2. Be patient, but persistent, in finding answers and lay EVERYTHING at the feet of Jesus. He will show you the path, one step at a time.
3. Don’t believe what the world says is beautiful.
We are fearfully and wonderfully made by a Creator who doesn’t make mistakes and loves WHO we are, not how we look. I want to tell women, especially my breast cancer survivor sisters, we are beautiful with or without our breasts.
When you’re in the thick of a cancer journey, you’re in flight or fight mode. It’s often hard to make decisions, and you have to do the best you can in those moments. Almost six years ago, when I had the mastectomy surgery, I chose reconstruction because I wanted to feel put together again.

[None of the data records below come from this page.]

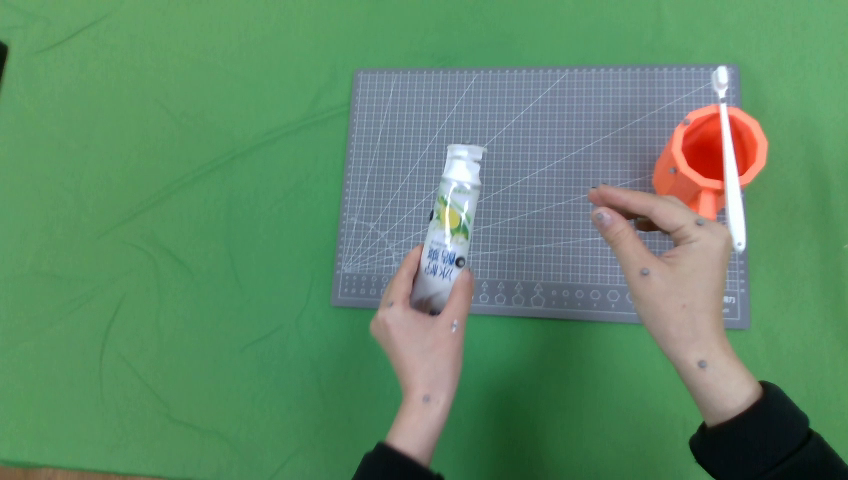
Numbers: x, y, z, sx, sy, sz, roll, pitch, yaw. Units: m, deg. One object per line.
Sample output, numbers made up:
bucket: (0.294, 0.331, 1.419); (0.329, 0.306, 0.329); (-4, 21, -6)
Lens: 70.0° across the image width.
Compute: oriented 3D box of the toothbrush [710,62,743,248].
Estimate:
toothbrush: (0.282, -0.082, 0.563); (0.014, 0.017, 0.181); (-1, 78, 5)

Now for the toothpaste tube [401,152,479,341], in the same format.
toothpaste tube: (0.017, 0.002, 0.525); (0.054, 0.035, 0.165); (16, 101, 28)

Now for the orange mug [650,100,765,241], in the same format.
orange mug: (0.281, -0.065, 0.614); (0.083, 0.101, 0.125); (11, 75, 12)

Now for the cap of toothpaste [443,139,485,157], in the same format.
cap of toothpaste: (0.033, -0.077, 0.510); (0.037, 0.037, 0.011); (2, 88, 10)
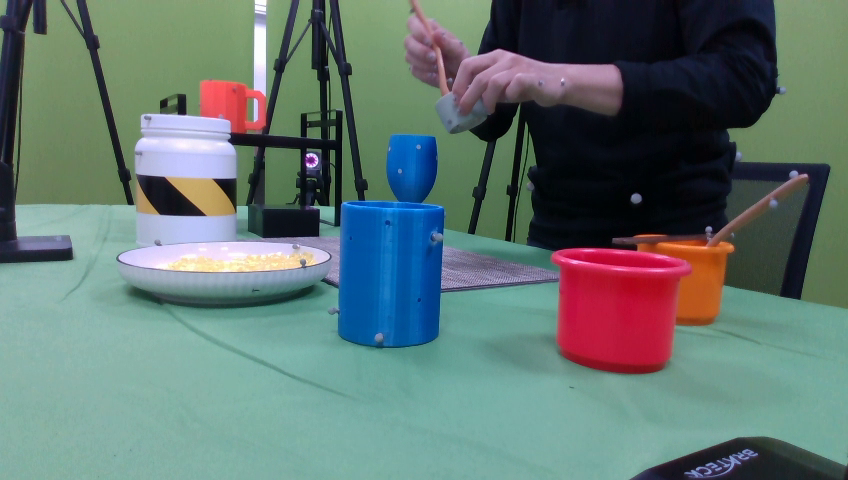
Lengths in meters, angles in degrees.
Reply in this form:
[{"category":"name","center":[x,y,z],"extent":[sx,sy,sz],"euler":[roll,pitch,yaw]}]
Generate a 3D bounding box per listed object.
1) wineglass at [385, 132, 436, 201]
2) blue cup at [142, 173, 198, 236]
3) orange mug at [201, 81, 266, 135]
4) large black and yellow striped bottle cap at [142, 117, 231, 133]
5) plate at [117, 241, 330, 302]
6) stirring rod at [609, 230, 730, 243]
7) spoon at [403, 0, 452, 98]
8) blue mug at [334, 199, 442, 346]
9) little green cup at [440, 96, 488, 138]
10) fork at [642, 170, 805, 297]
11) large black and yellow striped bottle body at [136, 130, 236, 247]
[{"category":"wineglass","center":[-0.020,-0.061,0.838],"extent":[0.074,0.172,0.073],"euler":[2,7,0]},{"category":"blue cup","center":[-0.425,-0.060,1.014],"extent":[0.093,0.100,0.092],"euler":[4,9,0]},{"category":"orange mug","center":[-0.377,-0.259,1.197],"extent":[0.126,0.101,0.083],"euler":[-2,7,-6]},{"category":"large black and yellow striped bottle cap","center":[-0.328,-0.159,0.839],"extent":[0.115,0.019,0.115],"euler":[1,9,0]},{"category":"plate","center":[-0.203,0.031,0.630],"extent":[0.209,0.038,0.209],"euler":[3,7,0]},{"category":"stirring rod","center":[0.241,-0.004,0.582],"extent":[0.177,0.006,0.014],"euler":[-4,10,-33]},{"category":"spoon","center":[0.010,-0.239,0.767],"extent":[0.021,0.193,0.042],"euler":[-22,-10,8]},{"category":"blue mug","center":[-0.034,0.020,0.498],"extent":[0.083,0.106,0.116],"euler":[0,7,-20]},{"category":"little green cup","center":[0.049,-0.152,0.753],"extent":[0.061,0.038,0.061],"euler":[4,-5,1]},{"category":"fork","center":[0.261,0.004,0.545],"extent":[0.028,0.018,0.207],"euler":[5,-37,-15]},{"category":"large black and yellow striped bottle body","center":[-0.332,-0.076,0.851],"extent":[0.131,0.184,0.130],"euler":[3,8,0]}]
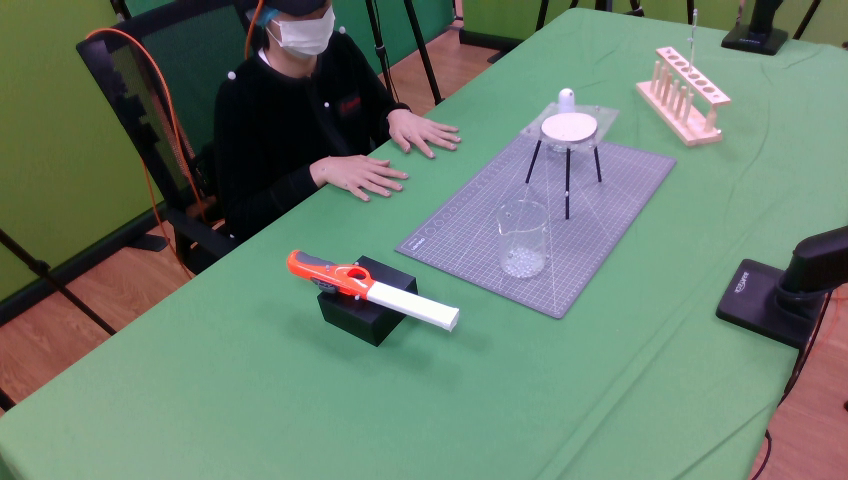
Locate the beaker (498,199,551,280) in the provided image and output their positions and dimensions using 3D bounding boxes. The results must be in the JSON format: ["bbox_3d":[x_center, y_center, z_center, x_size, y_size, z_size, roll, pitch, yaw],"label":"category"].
[{"bbox_3d":[0.144,0.003,0.884,0.073,0.101,0.084,28,52,36],"label":"beaker"}]

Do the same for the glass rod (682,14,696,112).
[{"bbox_3d":[0.495,-0.326,1.132,0.008,0.201,0.008,-8,42,8],"label":"glass rod"}]

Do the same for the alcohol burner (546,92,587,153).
[{"bbox_3d":[0.263,-0.222,1.124,0.078,0.119,0.077,-5,42,5],"label":"alcohol burner"}]

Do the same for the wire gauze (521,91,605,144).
[{"bbox_3d":[0.219,-0.191,0.948,0.121,0.011,0.125,8,49,13],"label":"wire gauze"}]

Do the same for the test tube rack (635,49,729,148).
[{"bbox_3d":[0.497,-0.283,1.185,0.067,0.085,0.240,-10,40,-2],"label":"test tube rack"}]

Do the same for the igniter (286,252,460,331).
[{"bbox_3d":[-0.080,0.067,0.832,0.275,0.025,0.057,17,46,22],"label":"igniter"}]

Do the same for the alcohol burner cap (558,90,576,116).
[{"bbox_3d":[0.260,-0.250,1.102,0.034,0.048,0.033,-7,37,5],"label":"alcohol burner cap"}]

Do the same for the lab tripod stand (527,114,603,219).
[{"bbox_3d":[0.234,-0.129,1.002,0.148,0.132,0.147,-6,40,6],"label":"lab tripod stand"}]
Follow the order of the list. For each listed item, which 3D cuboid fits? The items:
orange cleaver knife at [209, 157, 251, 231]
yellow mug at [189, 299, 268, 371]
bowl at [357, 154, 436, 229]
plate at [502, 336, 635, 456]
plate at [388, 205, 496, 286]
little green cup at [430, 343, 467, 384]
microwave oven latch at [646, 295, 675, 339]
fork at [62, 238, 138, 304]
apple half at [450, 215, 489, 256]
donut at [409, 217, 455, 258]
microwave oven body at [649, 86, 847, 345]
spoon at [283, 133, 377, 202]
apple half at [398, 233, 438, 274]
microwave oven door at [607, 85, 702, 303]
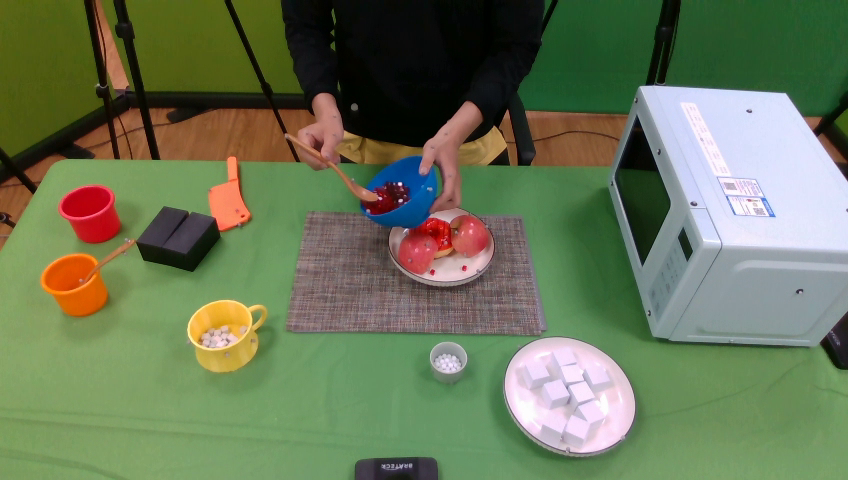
[{"bbox_3d":[-0.409,-0.099,1.266,0.077,0.012,0.210,-14,50,-10],"label":"orange cleaver knife"},{"bbox_3d":[-0.316,0.148,1.002,0.131,0.064,0.099,-33,56,-31],"label":"yellow mug"},{"bbox_3d":[-0.034,-0.073,1.079,0.151,0.077,0.150,-23,38,19],"label":"bowl"},{"bbox_3d":[0.225,0.248,0.964,0.208,0.039,0.206,2,46,-2],"label":"plate"},{"bbox_3d":[0.033,0.014,1.171,0.209,0.038,0.208,2,46,-2],"label":"plate"},{"bbox_3d":[0.039,0.203,0.994,0.061,0.039,0.061,2,46,-2],"label":"little green cup"},{"bbox_3d":[0.412,0.134,1.061,0.030,0.029,0.078,4,45,1],"label":"microwave oven latch"},{"bbox_3d":[-0.547,0.053,1.018,0.207,0.019,0.028,-36,41,23],"label":"fork"},{"bbox_3d":[0.092,-0.013,1.158,0.075,0.053,0.080,34,39,-28],"label":"apple half"},{"bbox_3d":[0.019,-0.006,1.174,0.099,0.048,0.098,3,43,-3],"label":"donut"},{"bbox_3d":[0.568,-0.053,1.118,0.326,0.261,0.439,2,45,-1],"label":"microwave oven body"},{"bbox_3d":[-0.159,-0.125,1.043,0.194,0.021,0.041,40,22,-22],"label":"spoon"},{"bbox_3d":[-0.016,0.022,1.123,0.081,0.033,0.081,-2,83,14],"label":"apple half"},{"bbox_3d":[0.423,-0.094,1.141,0.039,0.245,0.353,2,46,-1],"label":"microwave oven door"}]
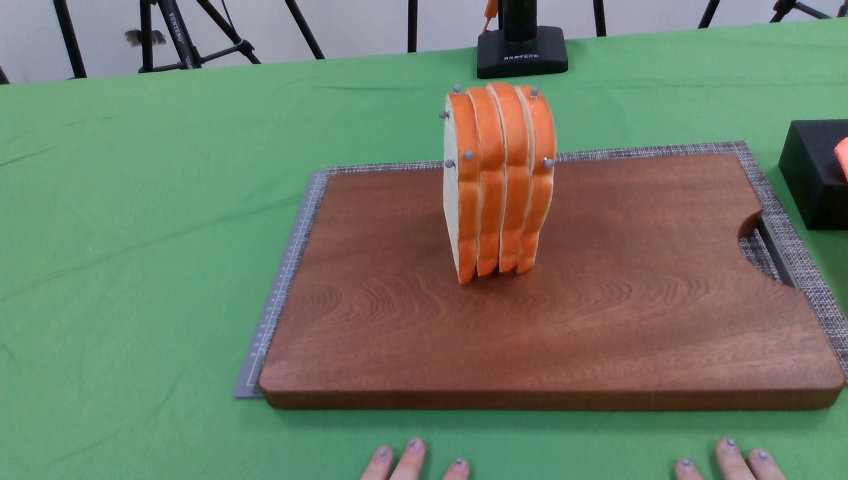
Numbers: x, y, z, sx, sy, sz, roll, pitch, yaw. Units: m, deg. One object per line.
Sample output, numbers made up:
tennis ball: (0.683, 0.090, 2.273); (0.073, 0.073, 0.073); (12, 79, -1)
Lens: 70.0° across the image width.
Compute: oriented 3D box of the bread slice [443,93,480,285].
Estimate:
bread slice: (0.029, -0.049, 0.491); (0.018, 0.135, 0.106); (-5, 38, -3)

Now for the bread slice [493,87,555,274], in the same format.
bread slice: (0.080, -0.053, 0.488); (0.019, 0.132, 0.104); (-2, 43, -6)

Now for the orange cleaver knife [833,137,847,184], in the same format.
orange cleaver knife: (0.362, -0.002, 0.464); (0.077, 0.012, 0.210); (9, 63, 13)
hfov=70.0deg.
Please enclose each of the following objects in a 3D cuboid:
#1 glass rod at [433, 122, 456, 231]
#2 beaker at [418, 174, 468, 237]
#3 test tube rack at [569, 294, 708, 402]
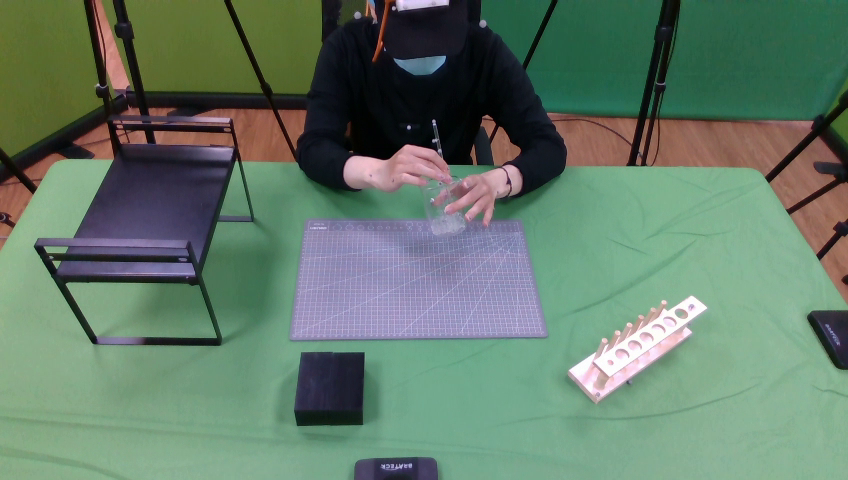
[{"bbox_3d":[0.036,-0.112,1.083,0.008,0.200,0.008,-11,11,2],"label":"glass rod"},{"bbox_3d":[0.040,-0.063,1.108,0.084,0.100,0.074,-8,22,14],"label":"beaker"},{"bbox_3d":[0.360,0.167,1.015,0.242,0.085,0.066,-25,52,-25],"label":"test tube rack"}]
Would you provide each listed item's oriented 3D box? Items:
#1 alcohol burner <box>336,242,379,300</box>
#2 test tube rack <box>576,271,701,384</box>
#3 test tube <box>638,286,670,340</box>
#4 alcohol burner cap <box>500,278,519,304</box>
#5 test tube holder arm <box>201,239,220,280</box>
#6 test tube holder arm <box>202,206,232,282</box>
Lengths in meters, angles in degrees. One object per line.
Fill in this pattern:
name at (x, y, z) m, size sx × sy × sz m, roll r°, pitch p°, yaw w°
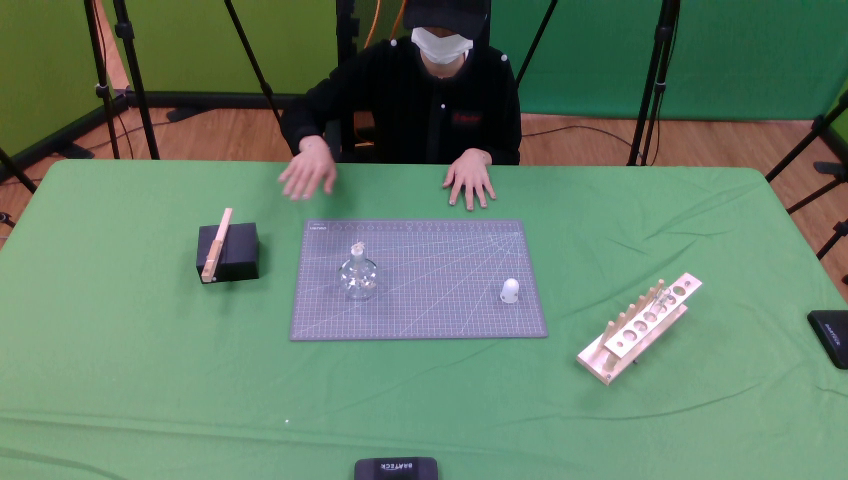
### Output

I believed if I had my breasts “restored” that maybe it would feel like this nightmare didn’t actually happen and I wouldn’t be reminded of it every time I looked in the mirror.
These are all normal feelings to have when you’re going through a trial like cancer, and I don’t fault myself, or anyone else, for making that choice. Again, I was just doing the best I could in that very terrifying time, and anyone who finds themselves in these situations needs to do what’s best for them. Do I wish I could go back and choose a different route? Sure. But I can’t go back. What I can do is choose to give myself….grace.
Now, when I look in the mirror, and sometimes awkwardly get dressed every morning, I have a very obvious reminder that I had cancer. But instead of looking at the new scars as reminders of my trauma, I am choosing to look at them as beautiful markings of God’s goodness and grace. Reminders that He loves me so much that He would reveal this potentially massive health issue and ultimately save my life…AGAIN.
A few days after the surgery I found myself waking up, with ZERO anxiety, to the words of a CAIN song running through my head:
“I’m so blessed, I’m so blessed
Got this heartbeat in my chest.
No, it doesn’t matter about the rest,
If I’ve got you, Lord, I’m so blessed.”
I am alive, and I feel more energetic and beautiful than I have in a long time. Do I still have hard days? Sure. It’s different, yes, but it’s me. My physical body does not determine my worth or my identity.
This is who I am….
simply, and unashamedly, the daughter of the King.